Le style est très réaliste, presque documentaire : éclairage naturel, caméra épaule (et parfois même tachée), longs plans naturels et un format certes classique de 1.85:1, mais à comparer avec le plus épique 2.39:1 de V pour Vendetta. Sans compter, bien sûr, de bonnes performances d’acteurs tous dans la retenue. La seule entorse récurrente est le son, avec notamment une musique souvent extradiégétique. Mais attention, cela ne signifie pas que Cuarón filme bêtement ce qui lui tombe sous la main. On a parfois de belles composition, comme Kee (Claire-Hope Ashitey) chantant derrière les vitres brisées de l’école, et quelques plans séquences très bien fichus, dont un magistral de près de 6min30 lors de l’attaque dans le camp de réfugiés.
Ce choix de réalisation est très intelligent, car, en plus de renforcer notre empathie pour les personnages, il correspond parfaitement à l’anticipation très discrète que nous propose Cuarón. Un HUD sur une voiture par-ci, un écran géant par-là, mais jamais rien sur lequel le réalisateur s’attarde tellement c’est intégré à l'univers, comme personne ne s’attarderait sur un grille-pain.

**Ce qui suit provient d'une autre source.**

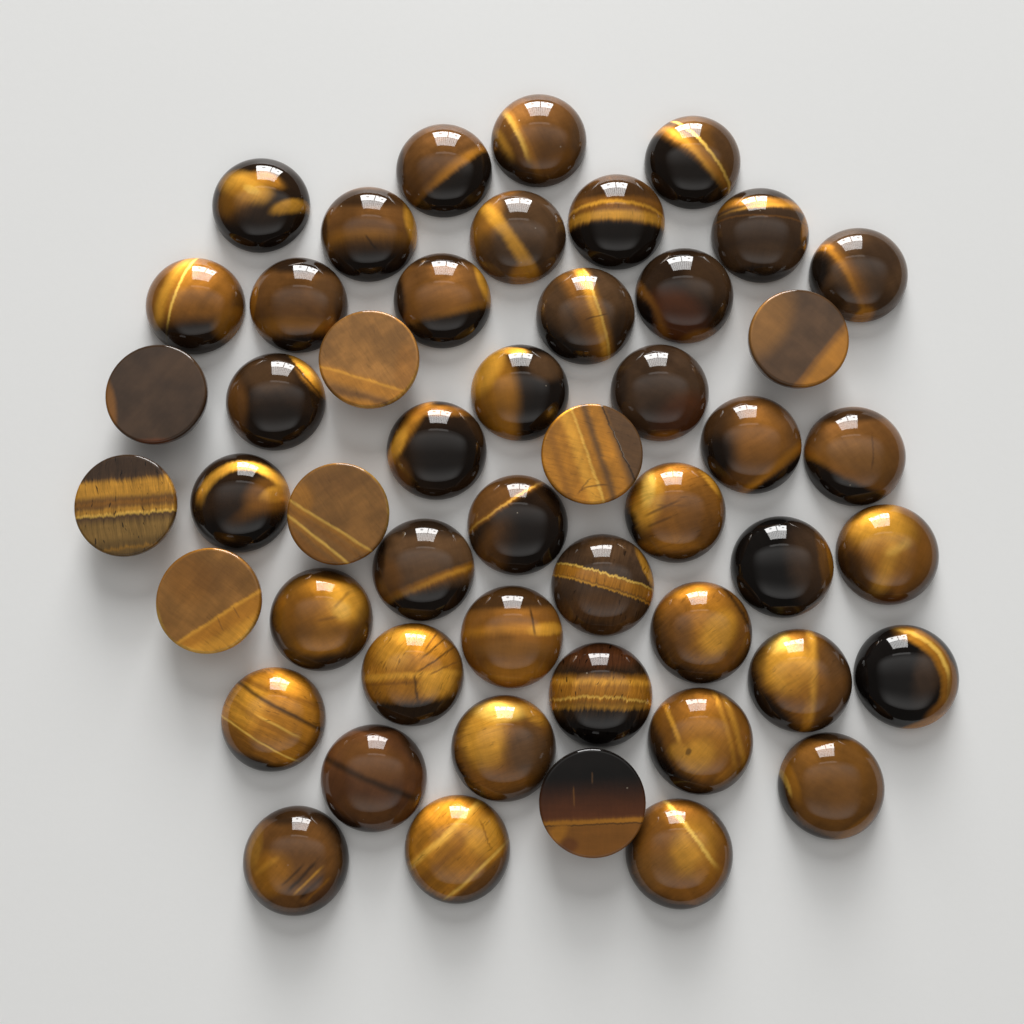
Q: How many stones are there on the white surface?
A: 50

Même la nature de cette fin du monde est la moins spectaculaire possible !
L’écriture du film, adapté de la nouvelle homonyme par Cuarón et quatre autres scénaristes, est très réussie. En particulier, je trouve, dans la gestion de l’information. Dans la plupart des films de science fiction, on a un premier acte d’exposition. Ici, on apprend la condition de Kee alors que le voyage est déjà bien entamé. On attend la moitié du film pour nous expliquer le passé de Theo (Clive Owen), les deux tiers pour raconter le déroulement de cette apocalypse silencieuse, et les trois quarts pour remettre en question le bien fondé de leur mission.

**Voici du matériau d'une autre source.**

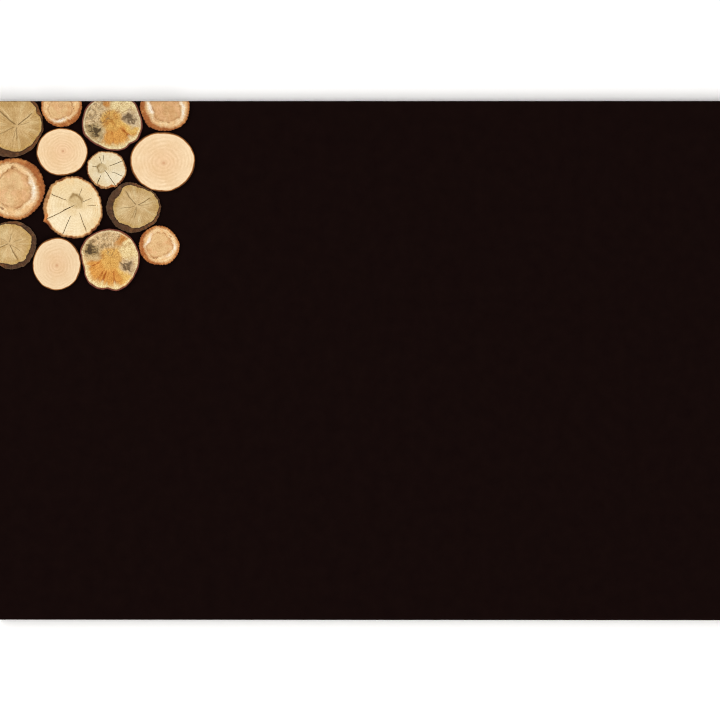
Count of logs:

Les deux thèmes principaux sont l’espoir —de manière assez évidente— mais surtout l’opposition entre la foi/destinée et le hasard. De manière assez intelligente, le film laisse la porte ouverte aux interprétations. On ne sait pas si l’infertilité, et la grossesse de Kee, sont le résultat d’un châtiment divin ou d’une quelconque blague cosmique. En tout cas, elles déclenchent les ferveurs religieuses des sectes et des révolutionnaires —et même de l’armée à la fin—. À l’inverse, Theo est un homme désabusé, qui a perdu ses idéaux à la suite de la mort de son fils, due au hasard, avant de retrouver une raison de “croire”, ou d’espérer, grâce à Kee.
Bref, Children of Men est un film d’anticipation intelligemment écrit, joué et réalisé. Que demander de plus ?
Rien n'est plus lent que la véritable naissance d'un homme — Marguerite Yourcenar
(Elle est pas belle ma culture ? J'ai tapé "citation naissance" sur internet. C'est beau la technologie.)